Tether has announced that it will shut down Alloy by Tether and discontinue support for aUSDT.
The company has already stopped users from minting new aUSDT tokens or opening new positions. Existing customers will now have a limited period to close their positions and recover their Tether Gold holdings.
Tether said the decision followed a review of market demand, user activity, and its long-term business strategy.
Tether Stops New aUSDT Minting
Tether disabled new aUSDT minting on June 17 as part of the gradual shutdown of Alloy by Tether.
Users can no longer create new positions through the platform. However, existing holders still have time to return their aUSDT and withdraw the XAUT tokens used as collateral.
The company said the shutdown will happen in stages to ensure an orderly transition.
Customers have three months to complete the redemption process under the platform’s terms of use.
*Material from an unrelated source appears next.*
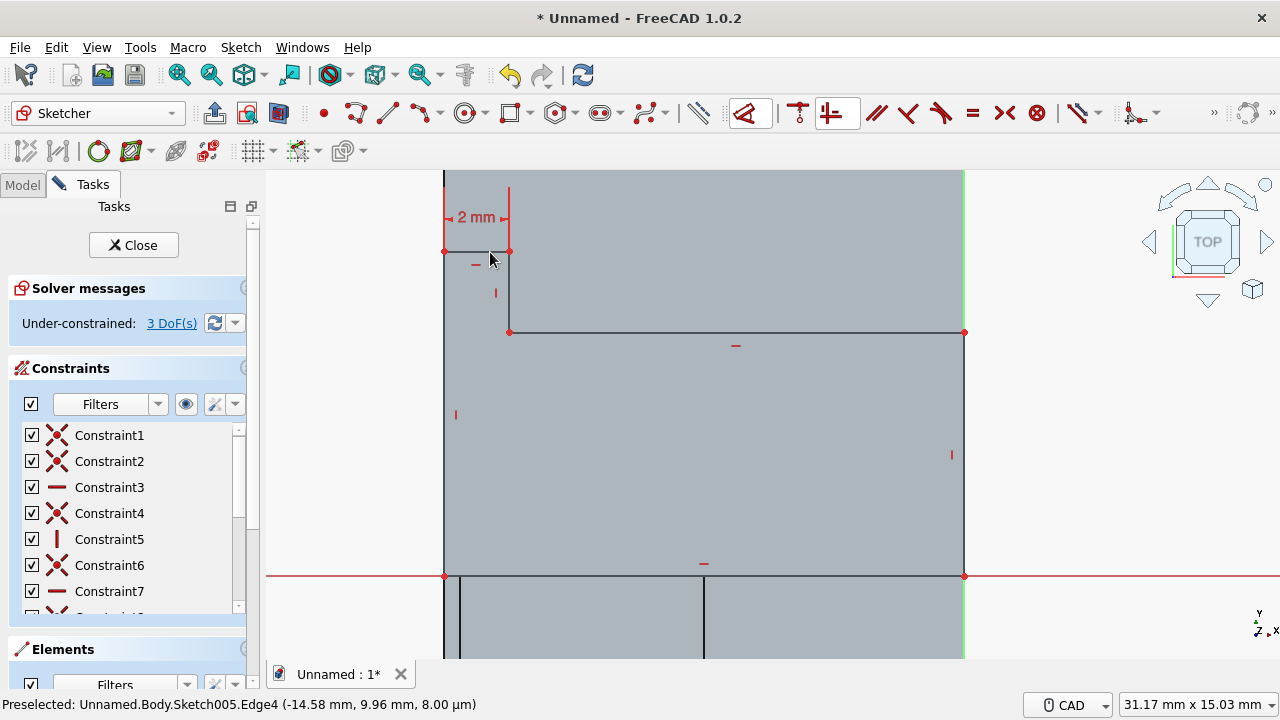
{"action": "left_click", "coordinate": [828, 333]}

September 17 Deadline for aUSDT Holders
Tether has set September 17, 2026, as the final deadline for users to return their aUSDT.
After that date, holders will no longer be able to recover their XAUT through the Alloy platform.
Users with active positions should therefore review their holdings and complete the required process before the deadline.
The company has also updated the Alloy interface to remove the option to mint new aUSDT or open additional positions.
Why Is Tether Closing Alloy?
Tether said Alloy provided useful information about demand for tokenized real-world assets and gold-backed digital products.
However, the company decided to direct its resources toward products with stronger adoption, greater liquidity, and better long-term growth potential.
These products include Tether Gold, also known as XAUT, as well as the company’s other major digital asset offerings.
The decision suggests that Tether is simplifying its product range and focusing on services that attract more users and trading activity.
Tether Continues to Focus on XAUT
Although Alloy is closing, Tether will continue supporting XAUT.
Tether Gold is a digital token backed by physical gold. Each token represents ownership of a specific amount of gold held in secure storage.
XAUT has become one of the company’s key products outside its USDT stablecoin business.
Tether appears to believe that XAUT has stronger standalone demand than aUSDT, which used the gold-backed token as collateral.
What Are Alloy and aUSDT?
Tether launched Alloy in 2024 as an open platform for creating digital assets backed by Tether Gold.
Its main product was aUSDT, a synthetic dollar-pegged stablecoin backed by XAUT.
Unlike traditional stablecoins that hold cash or government debt as reserves, aUSDT used gold-backed digital tokens as collateral.
The system was over-collateralized. This meant that the value of the XAUT locked in the platform was greater than the total amount of aUSDT issued.
This structure was designed to help aUSDT maintain its peg to the US dollar.
Tether Has Closed Other Stablecoin Products
The Alloy shutdown is not the first time Tether has discontinued one of its digital assets.
The company previously ended support for EURT, its euro-pegged stablecoin. EURT redemptions officially stopped in November 2025.
That decision was also part of Tether’s effort to focus on products with stronger market demand.
At the same time, the company continues to explore new opportunities in selected regions.
In May, Tether announced plans to introduce GELT, a stablecoin linked to the Georgian lari. The project is expected to receive support from the Georgian government.
What the Alloy Shutdown Means for Users
The immediate priority for aUSDT holders is the September 17 deadline.
Users must return their aUSDT before that date to withdraw the XAUT backing their positions through the Alloy platform.
The decision does not signal the end of Tether’s interest in tokenized gold. Instead, it shows that the company wants to concentrate on XAUT and other products with higher adoption and liquidity.
The shutdown also highlights how digital asset companies regularly adjust their product strategies based on market demand.